Even though we’ve all taken our temperatures from time to time, it’s often something that can be intimidating for those just starting to practice the sympto-thermal method. Personally, I was afraid of having to wake up at the exact same time daily or going to bed at totally different times would throw everything off. There are a couple of reasons you don’t have to worry:
- Cervical fluid is more important, anyway.
- Your temperature probably isn’t as freakishly sensitive as you think. If it is, you will figure that out just by taking your temperature daily and know what you can “handle” and what might change things up for you. This is what I want to discuss in more detail.
Your temperature can be affected by many things, ranging from different individual metabolisms to whether you are fighting off an infection. These differences in temperature can be rather severe, or they can be small fluctuations that will vary hour by hour and day by day.
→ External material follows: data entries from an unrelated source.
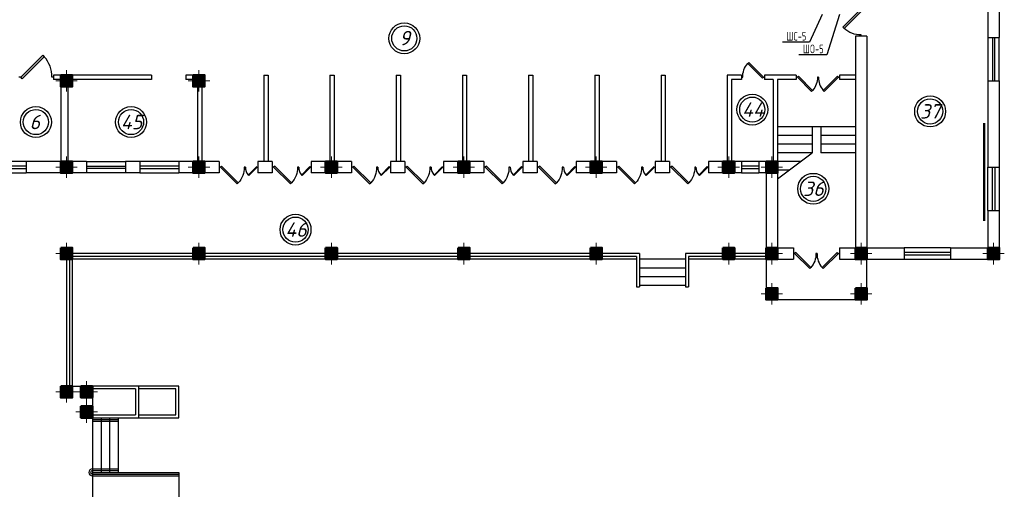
# Model space of a CAD drawing. Header units: millimetres. Extents: x 473009 to 2502882, y 456217 to 1153743.
# Tile 40 of 124: x 1349226 to 1383424, y 500640 to 516952. Entities that reach past the tile are written whole.
import ezdxf
from ezdxf import colors
from ezdxf.entities.mleader import LeaderData, LeaderLine
from ezdxf.math import Vec2, Vec3

# ---------------------------------------------------------------- set-up
doc = ezdxf.new("R2010")
doc.units = ezdxf.units.MM
doc.layers.add('kolonn', color=7, linetype='Continuous')
doc.layers.add('ТС ГММ', color=7, linetype='Continuous')
doc.styles.add('SPDS', font='spds.shx', dxfattribs={"width": 0.8, "height": 250})
doc.styles.get("Standard").update_dxf_attribs({"font": 'isocpeui.ttf'})

# ---------------------------------------------------------------- blocks, each defined once
blk = doc.blocks.new('jfgjhsdf')
blk.add_hatch(color=1).paths.add_polyline_path([(-593, 731), (-637, 687), (0, 50), (44, 94)])
at = {"color": 1}
for p, q in [((0, 1000), (0, 950)), ((0, 50), (0, 0))]:
    blk.add_line(p, q, dxfattribs=at)
blk.add_lwpolyline([(0, 50), (-637, 687), (-593, 731), (44, 94), (0, 50)], dxfattribs=at)
blk.add_arc((-33, 130), 821, 87.662, 132.9147, dxfattribs=at)
blk = doc.blocks.new('ghsdd')
at = {"ltscale": 50}
h = blk.add_hatch(color=256, dxfattribs=at)
h.paths.add_polyline_path([(0, 200), (-200, 200), (-200, 0), (0, 0)])
h.paths.add_polyline_path([(200, 0), (200, 200), (0, 200), (0, 0)])
h.paths.add_polyline_path([(0, 0), (-200, 0), (-200, -200), (0, -200)])
h.paths.add_polyline_path([(0, 0), (0, -200), (200, -200), (200, 0)])
at = {"lineweight": 0}
for p, q in [((0, -374), (0, 374)), ((-374, 0), (374, 0))]:
    blk.add_line(p, q, dxfattribs=at)
at = {"lineweight": 50, "ltscale": 50}
blk.add_lwpolyline([(200, 200), (200, -200), (-200, -200), (-200, 200), (200, 200)], dxfattribs=at)
blk = doc.blocks.new('_None')

msp = doc.modelspace()

# ---------------------------------------------------------------- linework, layer by layer
at = {"lineweight": 30}
for p, q in [((1382850.8, 519328.2), (1382850.8, 516328.2)), ((1383250.8, 519328.2), (1383250.8, 516328.2)), ((1378250.8, 516378.2), (1378250.8, 509028.2)), ((1378650.8, 516378.2), (1378250.8, 516378.2)), ((1378650.8, 516378.2), (1378650.8, 509028.2)), ((1382850.8, 516328.2), (1383250.8, 516328.2)), ((1353800.8, 515028.2), (1350400.8, 515028.2)), ((1355650.8, 515028.2), (1355000.8, 515028.2)), ((1357700.8, 515028.2), (1357700.8, 512028.2)), ((1357700.8, 515028.2), (1357850.8, 515028.2)), ((1357850.8, 515028.2), (1357850.8, 512028.2)), ((1360000.8, 515028.2), (1360150.8, 515028.2)), ((1360000.8, 515028.2), (1360000.8, 512028.2)), ((1360150.8, 515028.2), (1360150.8, 512028.2)), ((1362300.8, 515028.2), (1362300.8, 512028.2)), ((1362300.8, 515028.2), (1362450.8, 515028.2)), ((1362450.8, 515028.2), (1362450.8, 512028.2)), ((1364600.8, 515028.2), (1364600.8, 512028.2)), ((1364600.8, 515028.2), (1364750.8, 515028.2)), ((1364750.8, 515028.2), (1364750.8, 512028.2)), ((1366900.8, 515028.2), (1367050.8, 515028.2)), ((1366900.8, 515028.2), (1366900.8, 512028.2)), ((1367050.8, 515028.2), (1367050.8, 512028.2)), ((1369200.8, 515028.2), (1369200.8, 512028.2)), ((1369200.8, 515028.2), (1369350.8, 515028.2)), ((1369350.8, 515028.2), (1369350.8, 512028.2)), ((1371500.8, 515028.2), (1371650.8, 515028.2)), ((1371500.8, 515028.2), (1371500.8, 512028.2)), ((1371650.8, 515028.2), (1371650.8, 512028.2)), ((1373800.8, 515028.2), (1373800.8, 512028.2)), ((1374300.8, 515028.2), (1373800.8, 515028.2)), ((1374300.8, 515028.2), (1374300.8, 514878.2)), ((1376200.8, 515028.2), (1375100.8, 515028.2)), ((1375100.8, 515028.2), (1375100.8, 514878.2)), ((1376200.8, 515028.2), (1376200.8, 514878.2)), ((1378250.8, 515028.2), (1377700.8, 515028.2)), ((1377700.8, 515028.2), (1377700.8, 514878.2)), ((1350650.8, 514878.2), (1350400.8, 514878.2)), ((1353800.8, 514878.2), (1351050.8, 514878.2)), ((1355250.8, 514878.2), (1355000.8, 514878.2)), ((1373950.8, 514878.2), (1373950.8, 512028.2)), ((1374300.8, 514878.2), (1373950.8, 514878.2)), ((1375400.8, 514878.2), (1375100.8, 514878.2)), ((1375400.8, 514878.2), (1375400.8, 512028.2)), ((1375550.8, 514878.2), (1375550.8, 509028.2)), ((1376200.8, 514878.2), (1375550.8, 514878.2)), ((1378250.8, 514878.2), (1377700.8, 514878.2)), ((1382850.8, 514828.2), (1382850.8, 511828.2)), ((1382850.8, 514828.2), (1383250.8, 514828.2)), ((1383250.8, 514828.2), (1383250.8, 511828.2)), ((1350650.8, 514628.2), (1350650.8, 512028.2)), ((1350900.8, 514628.2), (1350900.8, 512028.2)), ((1355400.8, 514628.2), (1355400.8, 512028.2)), ((1355550.8, 514628.2), (1355550.8, 512028.2)), ((1350650.8, 512028.2), (1349450.8, 512028.2)), ((1349450.8, 512028.2), (1349450.8, 511628.2)), ((1351550.8, 512028.2), (1350900.8, 512028.2)), ((1351550.8, 512028.2), (1351550.8, 511628.2)), ((1353400.8, 512028.2), (1352900.8, 512028.2)), ((1352900.8, 512028.2), (1352900.8, 511628.2)), ((1353400.8, 512028.2), (1353400.8, 511628.2)), ((1356150.8, 512028.2), (1354750.8, 512028.2)), ((1354750.8, 512028.2), (1354750.8, 511628.2)), ((1356150.8, 512028.2), (1356150.8, 511628.2)), ((1358000.8, 512028.2), (1357500.8, 512028.2)), ((1357500.8, 512028.2), (1357500.8, 511628.2)), ((1358000.8, 512028.2), (1358000.8, 511628.2)), ((1360750.8, 512028.2), (1359350.8, 512028.2)), ((1359350.8, 512028.2), (1359350.8, 511628.2)), ((1360750.8, 512028.2), (1360750.8, 511628.2)), ((1362600.8, 512028.2), (1362100.8, 512028.2)), ((1362100.8, 512028.2), (1362100.8, 511628.2)), ((1362600.8, 512028.2), (1362600.8, 511628.2)), ((1365350.8, 512028.2), (1363950.8, 512028.2)), ((1363950.8, 512028.2), (1363950.8, 511628.2)), ((1365350.8, 512028.2), (1365350.8, 511628.2)), ((1367200.8, 512028.2), (1366700.8, 512028.2)), ((1366700.8, 512028.2), (1366700.8, 511628.2)), ((1367200.8, 512028.2), (1367200.8, 511628.2)), ((1369950.8, 512028.2), (1368550.8, 512028.2)), ((1368550.8, 512028.2), (1368550.8, 511628.2)), ((1369950.8, 512028.2), (1369950.8, 511628.2)), ((1371800.8, 512028.2), (1371300.8, 512028.2)), ((1371300.8, 512028.2), (1371300.8, 511628.2)), ((1371800.8, 512028.2), (1371800.8, 511628.2)), ((1374300.8, 512028.2), (1373150.8, 512028.2)), ((1373150.8, 512028.2), (1373150.8, 511628.2)), ((1374300.8, 512028.2), (1374300.8, 511628.2)), ((1374900.8, 512028.2), (1374900.8, 511628.2)), ((1375550.8, 512028.2), (1374900.8, 512028.2)), ((1351550.8, 511628.2), (1349450.8, 511628.2)), ((1353400.8, 511628.2), (1352900.8, 511628.2)), ((1356150.8, 511628.2), (1354750.8, 511628.2)), ((1358000.8, 511628.2), (1357500.8, 511628.2)), ((1360750.8, 511628.2), (1359350.8, 511628.2)), ((1362600.8, 511628.2), (1362100.8, 511628.2)), ((1365350.8, 511628.2), (1363950.8, 511628.2)), ((1367200.8, 511628.2), (1366700.8, 511628.2)), ((1369950.8, 511628.2), (1368550.8, 511628.2)), ((1371800.8, 511628.2), (1371300.8, 511628.2)), ((1374300.8, 511628.2), (1373150.8, 511628.2)), ((1375150.8, 511628.2), (1374900.8, 511628.2)), ((1375150.8, 511628.2), (1375150.8, 508628.2)), ((1382850.8, 511828.2), (1383250.8, 511828.2)), ((1382850.8, 510328.2), (1382850.8, 509028.2)), ((1382850.8, 510328.2), (1383250.8, 510328.2)), ((1383250.8, 510328.2), (1383250.8, 508628.2)), ((1375550.8, 509028.2), (1376100.8, 509028.2)), ((1376100.8, 509028.2), (1376100.8, 508628.2)), ((1377700.8, 509028.2), (1377700.8, 508628.2)), ((1377700.8, 509028.2), (1378250.8, 509028.2)), ((1378650.8, 509028.2), (1379950.8, 509028.2)), ((1379950.8, 509028.2), (1379950.8, 508628.2)), ((1381550.8, 509028.2), (1382850.8, 509028.2)), ((1381550.8, 509028.2), (1381550.8, 508628.2)), ((1375150.8, 508628.2), (1376100.8, 508628.2)), ((1377700.8, 508628.2), (1379950.8, 508628.2)), ((1381550.8, 508628.2), (1383250.8, 508628.2))]:
    msp.add_line(p, q, dxfattribs=at)
at = {"color": 1}
for p, q in [((1382850.8, 516328.2), (1382850.8, 514828.2)), ((1383010.8, 516328.2), (1383010.8, 514828.2)), ((1383090.8, 514828.2), (1383090.8, 516328.2)), ((1383250.8, 514828.2), (1383250.8, 516328.2)), ((1349450.8, 512028.2), (1347650.8, 512028.2)), ((1351550.8, 512028.2), (1352900.8, 512028.2)), ((1354750.8, 512028.2), (1353400.8, 512028.2)), ((1374900.8, 512028.2), (1374300.8, 512028.2)), ((1349450.8, 511868.2), (1347650.8, 511868.2)), ((1347650.8, 511788.2), (1349450.8, 511788.2)), ((1347650.8, 511628.2), (1349450.8, 511628.2)), ((1351550.8, 511868.2), (1352900.8, 511868.2)), ((1352900.8, 511788.2), (1351550.8, 511788.2)), ((1352900.8, 511628.2), (1351550.8, 511628.2)), ((1354750.8, 511868.2), (1353400.8, 511868.2)), ((1353400.8, 511788.2), (1354750.8, 511788.2)), ((1353400.8, 511628.2), (1354750.8, 511628.2)), ((1374900.8, 511868.2), (1374300.8, 511868.2)), ((1374300.8, 511788.2), (1374900.8, 511788.2)), ((1374300.8, 511628.2), (1374900.8, 511628.2)), ((1382850.8, 510328.2), (1382850.8, 511828.2)), ((1383010.8, 510328.2), (1383010.8, 511828.2)), ((1383090.8, 511828.2), (1383090.8, 510328.2)), ((1383250.8, 511828.2), (1383250.8, 510328.2)), ((1381550.8, 509028.2), (1379950.8, 509028.2)), ((1381550.8, 508868.2), (1379950.8, 508868.2)), ((1370650.8, 508728.2), (1370650.8, 507678.2)), ((1370750.8, 508828.2), (1370750.8, 507678.2)), ((1372350.8, 508828.2), (1372350.8, 507678.2)), ((1372450.8, 508728.2), (1372450.8, 507678.2)), ((1379950.8, 508788.2), (1381550.8, 508788.2)), ((1379950.8, 508628.2), (1381550.8, 508628.2)), ((1370650.8, 507678.2), (1370750.8, 507678.2)), ((1372350.8, 507678.2), (1372450.8, 507678.2)), ((1351750.8, 503068.2), (1352650.8, 503068.2)), ((1351750.8, 503008.2), (1352650.8, 503008.2)), ((1351750.8, 501348.2), (1352650.8, 501348.2)), ((1351750.8, 501288.2), (1352650.8, 501288.2)), ((1351750.8, 501168.2), (1354750.8, 501168.2)), ((1351750.8, 501108.2), (1354750.8, 501108.2))]:
    msp.add_line(p, q, dxfattribs=at)
for p, q in [((1378250.8, 513228.2), (1375550.8, 513228.2)), ((1376750.8, 513228.2), (1376750.8, 512328.2)), ((1377050.8, 513228.2), (1377050.8, 512328.2)), ((1376750.8, 512928.2), (1375550.8, 512928.2)), ((1378250.8, 512928.2), (1377050.8, 512928.2)), ((1376750.8, 512628.2), (1375550.8, 512628.2)), ((1375550.8, 511428.2), (1376750.8, 512328.2)), ((1376750.8, 512328.2), (1375550.8, 512328.2)), ((1378250.8, 512628.2), (1377050.8, 512628.2)), ((1378250.8, 512328.2), (1377050.8, 512328.2)), ((1376350.8, 512028.2), (1375550.8, 512028.2)), ((1375950.8, 511728.2), (1375550.8, 511728.2)), ((1370750.8, 508328.2), (1372350.8, 508328.2)), ((1370750.8, 508028.2), (1372350.8, 508028.2)), ((1370750.8, 507728.2), (1372350.8, 507728.2)), ((1354750.8, 504228.2), (1351750.8, 504228.2)), ((1353250.8, 504128.2), (1351750.8, 504128.2)), ((1354650.8, 504128.2), (1353350.8, 504128.2)), ((1354650.8, 503228.2), (1354650.8, 504128.2)), ((1354750.8, 503128.2), (1354750.8, 504228.2)), ((1351750.8, 503228.2), (1353250.8, 503228.2)), ((1351750.8, 503128.2), (1354750.8, 503128.2)), ((1353350.8, 503228.2), (1354650.8, 503228.2)), ((1351750.8, 501228.2), (1354750.8, 501228.2)), ((1354750.8, 501228.2), (1354750.8, 499028.2))]:
    msp.add_line(p, q)
at = {"lineweight": 30}
for points in [[(1350400.8, 515028.2), (1350400.8, 514878.2)], [(1353800.8, 515028.2), (1353800.8, 514878.2)], [(1355000.8, 515028.2), (1355000.8, 514878.2)]]:
    msp.add_lwpolyline(points, dxfattribs=at)
for points in [[(1350650.8, 514628.2), (1351050.8, 514628.2), (1351050.8, 515028.2), (1350650.8, 515028.2)], [(1355250.8, 514628.2), (1355650.8, 514628.2), (1355650.8, 515028.2), (1355250.8, 515028.2)], [(1350650.8, 508628.2), (1351050.8, 508628.2), (1351050.8, 509028.2), (1350650.8, 509028.2)], [(1355250.8, 508628.2), (1355650.8, 508628.2), (1355650.8, 509028.2), (1355250.8, 509028.2)], [(1359850.8, 508628.2), (1360250.8, 508628.2), (1360250.8, 509028.2), (1359850.8, 509028.2)], [(1364450.8, 508628.2), (1364850.8, 508628.2), (1364850.8, 509028.2), (1364450.8, 509028.2)], [(1369050.8, 508628.2), (1369450.8, 508628.2), (1369450.8, 509028.2), (1369050.8, 509028.2)], [(1373650.8, 508628.2), (1374050.8, 508628.2), (1374050.8, 509028.2), (1373650.8, 509028.2)], [(1375150.8, 507228.2), (1375550.8, 507228.2), (1375550.8, 507628.2), (1375150.8, 507628.2)], [(1378250.8, 507228.2), (1378650.8, 507228.2), (1378650.8, 507628.2), (1378250.8, 507628.2)], [(1350650.8, 503828.2), (1351050.8, 503828.2), (1351050.8, 504228.2), (1350650.8, 504228.2)], [(1351350.8, 503828.2), (1351750.8, 503828.2), (1351750.8, 504228.2), (1351350.8, 504228.2)], [(1351350.8, 503128.2), (1351750.8, 503128.2), (1351750.8, 503528.2), (1351350.8, 503528.2)]]:
    msp.add_lwpolyline(points, close=True, dxfattribs=at)
at = {"color": 1, "lineweight": 50}
msp.add_lwpolyline([(1382725.8, 509966.6), (1382725.8, 513354.5)], dxfattribs=at)
at = {"color": 1}
for points in [[(1350850.8, 508628.2), (1350850.8, 504228.2)], [(1350950.8, 508628.2), (1350950.8, 504228.2)], [(1355250.8, 508828.2), (1351050.8, 508828.2)], [(1355250.8, 508728.2), (1351050.8, 508728.2)], [(1359850.8, 508828.2), (1355650.8, 508828.2)], [(1359850.8, 508728.2), (1355650.8, 508728.2)], [(1364450.8, 508828.2), (1360250.8, 508828.2)], [(1364450.8, 508728.2), (1360250.8, 508728.2)], [(1369050.8, 508828.2), (1364850.8, 508828.2)], [(1369050.8, 508728.2), (1364850.8, 508728.2)], [(1370750.8, 508828.2), (1369450.8, 508828.2)], [(1370650.8, 508728.2), (1369450.8, 508728.2)], [(1373650.8, 508828.2), (1372350.8, 508828.2)], [(1373650.8, 508728.2), (1372450.8, 508728.2)], [(1375150.8, 508828.2), (1374050.8, 508828.2)], [(1375150.8, 508728.2), (1374050.8, 508728.2)]]:
    msp.add_lwpolyline(points, dxfattribs=at)
for points in [[(1370650.8, 508628.2), (1351050.8, 508628.2), (1351050.8, 504228.2), (1351750.8, 504228.2), (1351750.8, 499028.2), (1351050.8, 499028.2), (1351050.8, 491628.2)], [(1372350.8, 508628.2), (1370750.8, 508628.2)], [(1375150.8, 508628.2), (1372450.8, 508628.2)], [(1375150.8, 508628.2), (1375150.8, 507228.2), (1378650.8, 507228.2), (1378650.8, 508628.2)], [(1353250.8, 504128.2), (1353250.8, 503228.2)], [(1353350.8, 504228.2), (1353350.8, 503128.2)], [(1352050.8, 503128.2), (1352050.8, 501228.2)], [(1352350.8, 503128.2), (1352350.8, 501228.2)], [(1352650.8, 503128.2), (1352650.8, 501228.2)]]:
    msp.add_lwpolyline(points)
for centre, radius in [((1362584.7, 516301.9), 537), ((1362584.7, 516301.9), 437), ((1374670.1, 513828.5), 537), ((1374670.1, 513828.5), 437), ((1380848, 513765.5), 537), ((1380848, 513765.5), 437), ((1349788.9, 513395.4), 537), ((1349788.9, 513395.4), 437), ((1353094.2, 513395.4), 537), ((1353094.2, 513395.4), 437), ((1376788.3, 511077.7), 537), ((1376788.3, 511077.7), 437), ((1358806.8, 509658.8), 537), ((1358806.8, 509658.8), 437)]:
    msp.add_circle(centre, radius, dxfattribs=at)
for radius in [120, 60]:
    msp.add_arc((1351750.8, 501228.2), radius, 90, 270, dxfattribs=at)

# ---------------------------------------------------------------- block references
at = {"xscale": -1, "rotation": 180}
msp.add_blockref('jfgjhsdf', (1378450.8, 517378.2), dxfattribs=at)
for p, xscale, yscale, zscale, rotation in [((1349200.8, 514953.2), 1.199999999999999, 1.199999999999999, 1.199999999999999, 270), ((1375100.8, 514953.2), -0.7999999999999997, 0.7999999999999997, 0.7999999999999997, 90), ((1376200.8, 514953.2), -0.7692307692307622, 0.7692307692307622, 0.7692307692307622, 270), ((1377700.8, 514953.2), 0.7692307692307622, 0.7692307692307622, 0.7692307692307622, 90), ((1356150.8, 511828.2), -0.9151578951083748, 0.9151578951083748, 0.9151578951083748, 270), ((1357500.8, 511828.2), 0.4575789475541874, 0.4575789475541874, 0.4575789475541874, 90), ((1358000.8, 511828.2), -0.9151578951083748, 0.9151578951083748, 0.9151578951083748, 270), ((1359350.8, 511828.2), 0.4575789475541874, 0.4575789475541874, 0.4575789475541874, 90), ((1360750.8, 511828.2), -0.9151578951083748, 0.9151578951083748, 0.9151578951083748, 270), ((1362100.8, 511828.2), 0.4575789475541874, 0.4575789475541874, 0.4575789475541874, 90), ((1362600.8, 511828.2), -0.9151578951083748, 0.9151578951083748, 0.9151578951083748, 270), ((1363950.8, 511828.2), 0.4575789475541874, 0.4575789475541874, 0.4575789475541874, 90), ((1365350.8, 511828.2), -0.9151578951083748, 0.9151578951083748, 0.9151578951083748, 270), ((1366700.8, 511828.2), 0.4575789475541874, 0.4575789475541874, 0.4575789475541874, 90), ((1367200.8, 511828.2), -0.9151578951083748, 0.9151578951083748, 0.9151578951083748, 270), ((1368550.8, 511828.2), 0.4575789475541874, 0.4575789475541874, 0.4575789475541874, 90), ((1369950.8, 511828.2), -0.9151578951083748, 0.9151578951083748, 0.9151578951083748, 270), ((1371300.8, 511828.2), 0.4575789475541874, 0.4575789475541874, 0.4575789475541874, 90), ((1371800.8, 511828.2), -0.9151578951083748, 0.9151578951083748, 0.9151578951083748, 270), ((1373150.8, 511828.2), 0.4575789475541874, 0.4575789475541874, 0.4575789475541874, 90), ((1376100.8, 508828.2), -0.8205128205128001, 0.8205128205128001, 0.8205128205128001, 270), ((1377700.8, 508828.2), 0.8205128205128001, 0.8205128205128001, 0.8205128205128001, 90)]:
    msp.add_blockref('jfgjhsdf', p, dxfattribs=dict(xscale=xscale, yscale=yscale, zscale=zscale, rotation=rotation))
at = {"layer": 'kolonn', "xscale": -1}
for p in [(1350850.8, 514828.2), (1355450.8, 514828.2), (1350850.8, 511828.2), (1355450.8, 511828.2), (1360050.8, 511828.2), (1364650.8, 511828.2), (1369250.8, 511828.2), (1373850.8, 511828.2), (1375350.8, 511828.2), (1350850.8, 508828.2), (1355450.8, 508828.2), (1360050.8, 508828.2), (1364650.8, 508828.2), (1369250.8, 508828.2), (1373850.8, 508828.2), (1375350.8, 508828.2), (1378450.8, 508828.2), (1383050.8, 508828.2), (1375350.8, 507428.2), (1378450.8, 507428.2), (1350850.8, 504028.2), (1351550.8, 504028.2), (1351550.8, 503328.2)]:
    msp.add_blockref('ghsdd', p, dxfattribs=at)

# ---------------------------------------------------------------- texts
at = {"color": 1}
for s, p in [('9', (1362410.7, 516062.4)), ('44', (1374318, 513580.5)), ('37', (1380495.8, 513517.5)), ('6', (1349570.7, 513147.4)), ('45', (1352742, 513147.4)), ('36', (1376436.2, 510829.7)), ('46', (1358454.7, 509410.8))]:
    msp.add_text(s, height=500, dxfattribs=at).set_placement(p)

# ---------------------------------------------------------------- leaders
at = {"layer": 'ТС ГММ', "color": 7, "lineweight": 20, "ltscale": 0.5}
ml = msp.add_multileader_mtext('Standard', dxfattribs=at)
ml.set_content('{\\C1;ШC-5}', color=7, style='SPDS')
ml.set_leader_properties()
ml.set_arrow_properties(name='NONE')
ml.build(insert=Vec2(0, 0))
ml.multileader.update_dxf_attribs({"text_left_attachment_type": 6, "text_right_attachment_type": 6, "dogleg_length": 0.1, "arrow_head_size": 150})
ctx = ml.context
ctx.base_point, ctx.char_height, ctx.arrow_head_size, ctx.landing_gap_size, ctx.plane_origin = Vec3(1374507.1, 516167.7), 300, 150, 100, Vec3(1375064.5, 513142.4)
ctx.left_attachment, ctx.right_attachment, ctx.text_align_type = 6, 6, 2
notes = []
notes.append((ctx, [(1, (1, 1, 0), (1376653.3, 516167.7), (-1, 0), 5, [(0, [(1377098.3, 517128.2)], 0, [])])]))
ctx.mtext.insert, ctx.mtext.width, ctx.mtext.alignment, ctx.mtext.flow_direction = Vec3(1376548.3, 516527.7), 1941.264, 3, 5
ml = msp.add_multileader_mtext('Standard', dxfattribs=at)
ml.set_content('{\\C1;ШO-5}', color=7, style='SPDS')
ml.set_leader_properties()
ml.set_arrow_properties(name='NONE')
ml.build(insert=Vec2(0, 0))
ml.multileader.update_dxf_attribs({"text_left_attachment_type": 6, "text_right_attachment_type": 6, "dogleg_length": 0.1, "arrow_head_size": 150})
ctx = ml.context
ctx.base_point, ctx.char_height, ctx.arrow_head_size, ctx.landing_gap_size, ctx.plane_origin = Vec3(1375108.6, 515727.9), 300, 150, 100, Vec3(1375666.1, 513142.4)
ctx.left_attachment, ctx.right_attachment, ctx.text_align_type = 6, 6, 2
notes.append((ctx, [(1, (1, 1, 0), (1377254.9, 515727.9), (-1, 0), 5, [(0, [(1377699.9, 517128.2)], 0, [])])]))
ctx.mtext.insert, ctx.mtext.width, ctx.mtext.alignment, ctx.mtext.flow_direction = Vec3(1377149.9, 516087.9), 1941.264, 3, 5
for ctx, leaders in notes:
    for number, flags, end, landing, length, lines in leaders:
        leader = LeaderData()
        leader.index, (leader.has_last_leader_line, leader.has_dogleg_vector, leader.attachment_direction) = number, flags
        leader.last_leader_point, leader.dogleg_vector, leader.dogleg_length = Vec3(end), Vec3(landing), length
        for number, points, colour, breaks in lines:
            line = LeaderLine()
            line.index, line.vertices, line.color, line.breaks = number, Vec3.list(points), colors.encode_raw_color(colour), breaks
            leader.lines.append(line)
        ctx.leaders.append(leader)

doc.saveas('drawing.dxf')

Temperature taking is an integral part of the sympto-thermal method and many things have to be taken into account when taking and interpreting your temperature in order to get an accurate picture of your fertility. Thankfully, there is no reason to avoid anything at first, just have in mind what may change your temperature and note it on your chart.
The temperature sign will not only tell you that ovulation occurred, but it can also help people in determining things such as low progesterone, hypothyroid, short luteal phases, or smaller issues such as a low-grade infection.
In order to take an accurate temperature one must do a few things:
- Temperature must be taken after about 3-5 hours of sleep in order to insure that mind and body activity did not alter the temperature significantly. Some people seem to do fine with only 1 hour. Again, you be the judge, it’s your body!
- The temperature must be taken in the same place, such as orally or vaginally, since different parts of the body maintain different temperatures, you will want to make sure that you only change the “location of collection” in between cycles.
- Temperatures must be taken with the same thermometer, because different thermometers have slight differences in temperature read out. Thermometers can be changed in between cycles. See how to choose a thermometer here.
- The time that you take your temperature should be kept consistent throughout a cycle. You can generally easily get away with plus or minus one hour and not have any issue. This time can also be changed at a new cycle or after ovulation has been confirmed.
Things that can make your temperature “off”
In order to rule out any confounding factors in a odd temperature, one must be familiar with the things that can affect a basal body temperature. There are the obvious and the not so obvious. These include:
- Certain drugs and medications
- Metabolism changers (excitement, physical or emotional stress)
- Smoking (for 20 minutes or so after your last smoke)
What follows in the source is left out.